Another kind of downshifting

Robert Sapolsky has an extremely interesting interview in Edge where he covers a lot of fascinating stuff. The whole interview is well worth a careful read, but the bits that really caught my interest and that I’ve quoted at length, begins:
“For the humans who would like to know what it takes to be an alpha man?if I were 25 and asked that question I would certainly say competitive prowess is important?balls, translated into the more abstractly demanding social realm of humans. What’s clear to me now at 45 is, screw the alpha male stuff. Go for an alternative strategy. Go for the social affiliation, build relationships with females, don’t waste your time trying to figure out how to be the most adept socially cagy male-male competitor. Amazingly enough that’s not what pays off in that system. Go for the affiliative stuff and bypass the male crap. I could not have said that when I was 25.”

He goes on to explain:
“The typical male baboon career trajectory is to fight your way to the top while building some good coalitional skills. When you’re relatively high-ranking and if you’re going to stay up there, you switch from physical prowess to psychological intimidation and social skills. But eventually it catches up with you and you finally get into a key fight and get killed or crippled or are utterly defeated and you crash way down. However, every decade you’ll get some guy who’s fought his way up, and six months into his ascendancy suddenly decides, “Who needs this?” and voluntarily walks away from it. They seem to have some sort of epiphanal mid-life crisis and go on to spend the rest of their lives hanging out with infants and forming social attachments with females.
Ten years ago the evolutionary community would have had a derisive response to this, saying that while this may be terrific, it’s not a very successful adaptive strategy because this guy is walking away from the competitive world of maximizing his reproductive success. Now, however, genetic studies are beginning to show that these guys out-reproduce the slash-and-burn competitive guys, because they last for years afterward without getting seriously injured and form this female affiliate…”

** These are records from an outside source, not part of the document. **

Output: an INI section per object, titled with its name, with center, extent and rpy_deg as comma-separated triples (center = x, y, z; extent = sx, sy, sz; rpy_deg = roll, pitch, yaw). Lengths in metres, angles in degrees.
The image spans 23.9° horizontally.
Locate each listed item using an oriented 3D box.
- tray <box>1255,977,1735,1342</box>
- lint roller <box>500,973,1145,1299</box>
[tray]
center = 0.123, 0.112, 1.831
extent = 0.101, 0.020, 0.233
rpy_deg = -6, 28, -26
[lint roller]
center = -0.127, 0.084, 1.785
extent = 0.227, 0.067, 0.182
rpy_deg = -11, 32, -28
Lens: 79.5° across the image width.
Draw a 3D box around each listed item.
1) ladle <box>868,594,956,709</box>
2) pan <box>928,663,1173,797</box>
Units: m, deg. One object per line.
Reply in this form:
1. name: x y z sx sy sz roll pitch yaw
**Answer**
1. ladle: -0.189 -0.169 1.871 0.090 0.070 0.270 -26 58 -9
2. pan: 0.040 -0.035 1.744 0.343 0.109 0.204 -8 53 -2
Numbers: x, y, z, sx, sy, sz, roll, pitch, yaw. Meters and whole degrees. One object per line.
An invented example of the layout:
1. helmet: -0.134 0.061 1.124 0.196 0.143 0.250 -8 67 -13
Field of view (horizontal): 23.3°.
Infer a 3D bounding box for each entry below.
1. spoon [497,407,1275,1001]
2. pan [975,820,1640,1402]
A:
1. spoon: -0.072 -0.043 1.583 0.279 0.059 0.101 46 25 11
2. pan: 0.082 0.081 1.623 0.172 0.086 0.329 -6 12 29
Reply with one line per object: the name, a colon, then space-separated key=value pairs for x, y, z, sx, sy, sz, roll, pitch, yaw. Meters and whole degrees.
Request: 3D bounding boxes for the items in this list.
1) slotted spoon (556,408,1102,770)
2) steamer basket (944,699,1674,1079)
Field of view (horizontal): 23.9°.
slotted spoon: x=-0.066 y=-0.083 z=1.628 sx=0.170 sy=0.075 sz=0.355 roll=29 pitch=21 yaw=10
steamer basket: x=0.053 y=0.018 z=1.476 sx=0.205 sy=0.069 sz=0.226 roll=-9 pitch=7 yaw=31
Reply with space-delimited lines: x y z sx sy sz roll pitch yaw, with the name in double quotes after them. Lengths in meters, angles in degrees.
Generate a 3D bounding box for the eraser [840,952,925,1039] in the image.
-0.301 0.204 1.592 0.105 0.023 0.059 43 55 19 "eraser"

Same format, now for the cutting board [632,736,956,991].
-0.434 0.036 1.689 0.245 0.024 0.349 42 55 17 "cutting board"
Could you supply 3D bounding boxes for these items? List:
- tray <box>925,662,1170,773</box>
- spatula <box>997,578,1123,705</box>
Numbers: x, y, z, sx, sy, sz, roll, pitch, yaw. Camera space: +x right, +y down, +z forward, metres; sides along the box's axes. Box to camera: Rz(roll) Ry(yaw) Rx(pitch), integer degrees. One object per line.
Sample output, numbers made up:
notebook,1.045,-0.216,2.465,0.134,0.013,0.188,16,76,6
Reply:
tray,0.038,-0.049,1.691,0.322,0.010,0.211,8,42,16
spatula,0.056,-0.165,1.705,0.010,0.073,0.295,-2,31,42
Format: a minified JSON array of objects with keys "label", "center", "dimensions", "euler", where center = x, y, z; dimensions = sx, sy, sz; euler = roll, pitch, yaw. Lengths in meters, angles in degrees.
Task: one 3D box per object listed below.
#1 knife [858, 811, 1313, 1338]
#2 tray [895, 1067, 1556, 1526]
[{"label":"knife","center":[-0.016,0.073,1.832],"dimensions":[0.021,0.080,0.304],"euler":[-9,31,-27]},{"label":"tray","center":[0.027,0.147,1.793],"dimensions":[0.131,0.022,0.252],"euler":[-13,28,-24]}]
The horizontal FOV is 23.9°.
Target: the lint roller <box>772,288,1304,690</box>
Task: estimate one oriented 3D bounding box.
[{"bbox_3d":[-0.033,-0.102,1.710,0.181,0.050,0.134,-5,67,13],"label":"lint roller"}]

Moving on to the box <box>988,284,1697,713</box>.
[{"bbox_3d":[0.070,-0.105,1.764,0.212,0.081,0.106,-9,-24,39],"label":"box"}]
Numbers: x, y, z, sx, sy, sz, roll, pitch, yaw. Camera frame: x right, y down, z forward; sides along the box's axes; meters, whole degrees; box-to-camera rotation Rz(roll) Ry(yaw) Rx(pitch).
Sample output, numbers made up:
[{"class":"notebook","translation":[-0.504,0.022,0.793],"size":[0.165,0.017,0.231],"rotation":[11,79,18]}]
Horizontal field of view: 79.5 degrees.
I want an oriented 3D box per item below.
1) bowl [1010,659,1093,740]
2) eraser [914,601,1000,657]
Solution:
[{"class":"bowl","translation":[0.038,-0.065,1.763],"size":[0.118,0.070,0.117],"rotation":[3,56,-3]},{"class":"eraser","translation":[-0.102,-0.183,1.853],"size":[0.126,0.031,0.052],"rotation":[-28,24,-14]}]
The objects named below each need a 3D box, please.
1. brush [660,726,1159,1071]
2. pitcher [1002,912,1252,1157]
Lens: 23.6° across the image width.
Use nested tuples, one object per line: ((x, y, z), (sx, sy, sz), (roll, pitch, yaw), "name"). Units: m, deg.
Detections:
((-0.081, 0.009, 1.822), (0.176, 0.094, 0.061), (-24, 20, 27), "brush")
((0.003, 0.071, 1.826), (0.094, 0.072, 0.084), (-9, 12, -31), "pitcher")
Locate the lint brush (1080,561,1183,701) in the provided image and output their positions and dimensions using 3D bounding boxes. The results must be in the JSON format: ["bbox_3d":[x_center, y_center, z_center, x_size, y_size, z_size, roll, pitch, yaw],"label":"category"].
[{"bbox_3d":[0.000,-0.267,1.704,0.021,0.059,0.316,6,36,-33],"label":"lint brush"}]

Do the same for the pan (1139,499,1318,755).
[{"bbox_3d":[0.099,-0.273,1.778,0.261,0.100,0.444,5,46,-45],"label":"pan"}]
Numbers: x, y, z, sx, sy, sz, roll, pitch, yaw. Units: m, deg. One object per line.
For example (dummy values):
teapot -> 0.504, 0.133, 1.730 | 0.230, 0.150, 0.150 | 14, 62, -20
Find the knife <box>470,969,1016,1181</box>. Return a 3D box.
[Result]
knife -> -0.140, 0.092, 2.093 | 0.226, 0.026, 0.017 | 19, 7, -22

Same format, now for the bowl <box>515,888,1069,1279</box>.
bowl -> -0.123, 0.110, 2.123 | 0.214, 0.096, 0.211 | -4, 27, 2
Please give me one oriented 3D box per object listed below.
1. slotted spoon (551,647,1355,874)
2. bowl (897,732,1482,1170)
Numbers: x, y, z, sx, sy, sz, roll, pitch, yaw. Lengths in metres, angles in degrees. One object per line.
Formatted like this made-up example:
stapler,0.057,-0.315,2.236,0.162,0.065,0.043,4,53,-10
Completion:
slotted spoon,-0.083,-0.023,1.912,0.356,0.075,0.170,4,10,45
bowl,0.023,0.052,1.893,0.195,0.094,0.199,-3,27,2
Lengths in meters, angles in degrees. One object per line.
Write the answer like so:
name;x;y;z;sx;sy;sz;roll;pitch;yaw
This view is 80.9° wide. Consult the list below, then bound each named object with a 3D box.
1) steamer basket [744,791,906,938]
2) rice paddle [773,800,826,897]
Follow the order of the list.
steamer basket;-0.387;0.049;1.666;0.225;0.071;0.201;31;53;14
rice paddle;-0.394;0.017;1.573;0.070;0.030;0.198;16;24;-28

“According to an unexpected finding called female choice it turns out that females have a hell of a lot of control over who they’re mating with, and, irrationally enough, they like to mate with guys that are nice to them! You see this dynamic when some guy from the male-male competitive world pops out and is supposed to be her mate. She wants to run off to the bushes with Alan Alda, and manipulates the social situation to pull this off.
A handful of these guys simply walked away from it over the years.(…) They had the lowest stress hormone levels you’ve ever seen in male baboons, and outlived their cohorts. The fact that this alternative strategy is actually the more adaptive one is one of the good bits of news to come out of primatology in quite some time. If that’s the future of primates, this planet is going to be in great shape in a couple of million years.”